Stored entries
----

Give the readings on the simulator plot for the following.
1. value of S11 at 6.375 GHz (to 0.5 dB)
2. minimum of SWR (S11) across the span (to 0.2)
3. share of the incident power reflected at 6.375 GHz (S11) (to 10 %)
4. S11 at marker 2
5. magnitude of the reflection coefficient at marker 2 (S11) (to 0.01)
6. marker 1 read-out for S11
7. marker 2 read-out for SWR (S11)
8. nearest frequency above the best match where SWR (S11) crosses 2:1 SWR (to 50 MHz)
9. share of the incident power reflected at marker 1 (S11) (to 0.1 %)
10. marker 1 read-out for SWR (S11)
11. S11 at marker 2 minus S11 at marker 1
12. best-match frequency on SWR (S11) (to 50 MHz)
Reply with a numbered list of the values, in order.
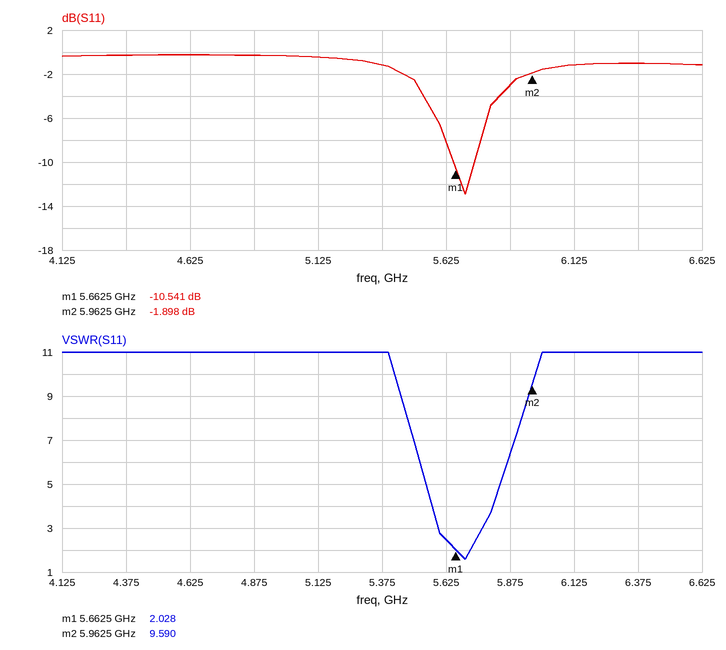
1. -1.0 dB
2. 1.6
3. 80 %
4. -1.898 dB
5. 0.80
6. -10.541 dB
7. 9.590
8. 5.70 GHz
9. 8.8 %
10. 2.028
11. 8.643 dB
12. 5.70 GHz

----

■ EXERCISE INSTRUCTIONS ■
Please give an exact copy of the entries above, from the line with "5. magnitude of" down to the line with "12. best-match frequency", inclusive, and nothing else.

■ ANSWER TO THE PROBLEM ■
5. magnitude of the reflection coefficient at marker 2 (S11) (to 0.01)
6. marker 1 read-out for S11
7. marker 2 read-out for SWR (S11)
8. nearest frequency above the best match where SWR (S11) crosses 2:1 SWR (to 50 MHz)
9. share of the incident power reflected at marker 1 (S11) (to 0.1 %)
10. marker 1 read-out for SWR (S11)
11. S11 at marker 2 minus S11 at marker 1
12. best-match frequency on SWR (S11) (to 50 MHz)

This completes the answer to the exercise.